Park alanı, birkaç antik benzersiz bina toplayan Ahşap Mimari Müzesi'nin sergileri için bir cennet haline geldi. Bunlar mead bira fabrikası, Nikolo-Korelskaya manastırından Kutsal Kapılar ve Bratsk'tan hapishane kulesi. 1930'larda, eskiden Kuzey Dvina Nehri'nin ağzına yakın olan Çar Peter I Evi buraya "taşındı".

Vodovzvodnaya kulesi

Parkı ikiye bölen büyük bir vadinin arkasında, Korkunç Çar IV. John'un kararnamesiyle oğlunun doğumunun onuruna inşa edilen Vaftizci Yahya'nın Kafasının Kesilmesi Kilisesi var. Ayrıca ağaçların çiçeklenme döneminde ve hasat sırasında özellikle Mayıs ayında güzelliği ortaya çıkan bir elma bahçesi de bulunmaktadır.

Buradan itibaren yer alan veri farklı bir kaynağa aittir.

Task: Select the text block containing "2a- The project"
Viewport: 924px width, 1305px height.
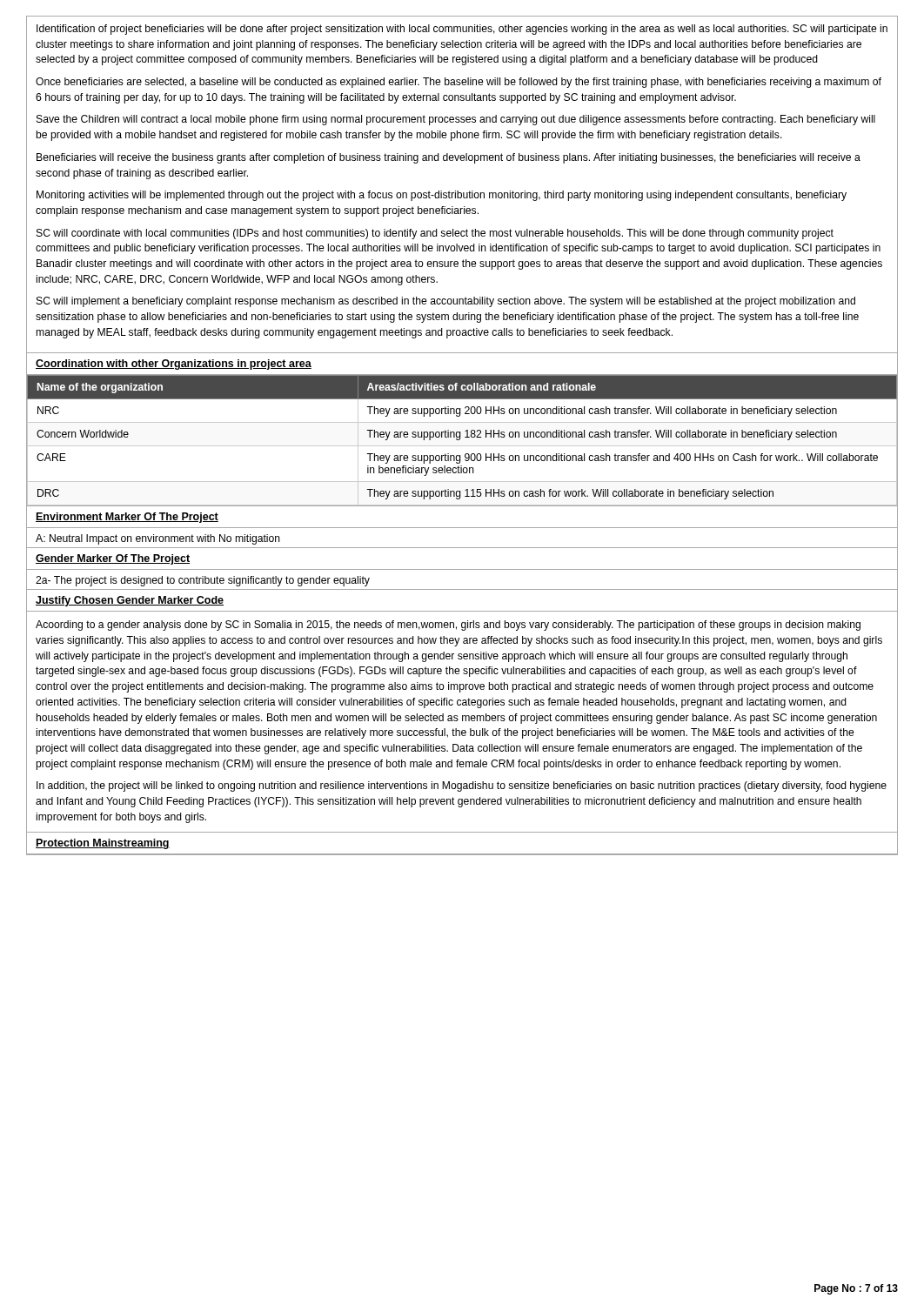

Antik çağda, köy birkaç meyve ve meyve bahçesi ile ünlüydü. Ancak bugün topraklarında sadece üç bahçe kalıyor - Kazan, Voznesensky ve Dyakovsky. Önemli yaşlarına rağmen, tüm ağaçlar iyi çiçek açar ve her yıl meyve verir. Bahçelerin arkasında Dyakovo köyünden kalan ahşap evler var. Bunun yanında arkeologlar Finno-Ugric kültürüne ait değerli eserler buldular. "Dyakov yerleşimi" olarak da adlandırılan köy, Moskova'daki en eski yerleşim yeridir. Bu yerde aynı adı taşıyan nehrin kıyısı yüksektir ve çevrenin muhteşem manzarasını sunar.

Ön kapı

Parkta etnografik sergiler var. Bunlar, bir ahır ve bir demirhanenin, bir ilaç bahçesinin ve bir arı kovanının topraklarının yanı sıra Zhuzha Nehri üzerindeki bir su değirmeninin tesisleridir.

Emlak nasıl müze rezervi haline geldi?

Emlak kompleksini müze rezervine dönüştürme fikri P.D.'ye aittir. 1923'ten beri yönetmen olarak görev yapan Baranovsky. Birkaç yıl sonra müze, bal likörü bira fabrikası, Moss kulesi, Petrovsky Evi ve Nikolo-Korelskaya manastırının kapıları ile dolduruldu. 1960 yılında, Sibirya Bratsk'tan buraya bir hapishane kulesi getirildi. Böylece, müze kompleksi yavaş yavaş Rus ustalar tarafından yapılan en iyi ahşap binalardan bazılarını topladı.

arka kapı

Kolomenskoye, 1971'de müze rezervi statüsü aldı. Toprakları, Neolitik dönemin en nadide el yazmalarını, kitaplarını, nesnelerini ve halihazırda feshedilmiş tapınaklardan bazı değerleri içerir. Zengin bir seramik koleksiyonu da burada tutuluyor.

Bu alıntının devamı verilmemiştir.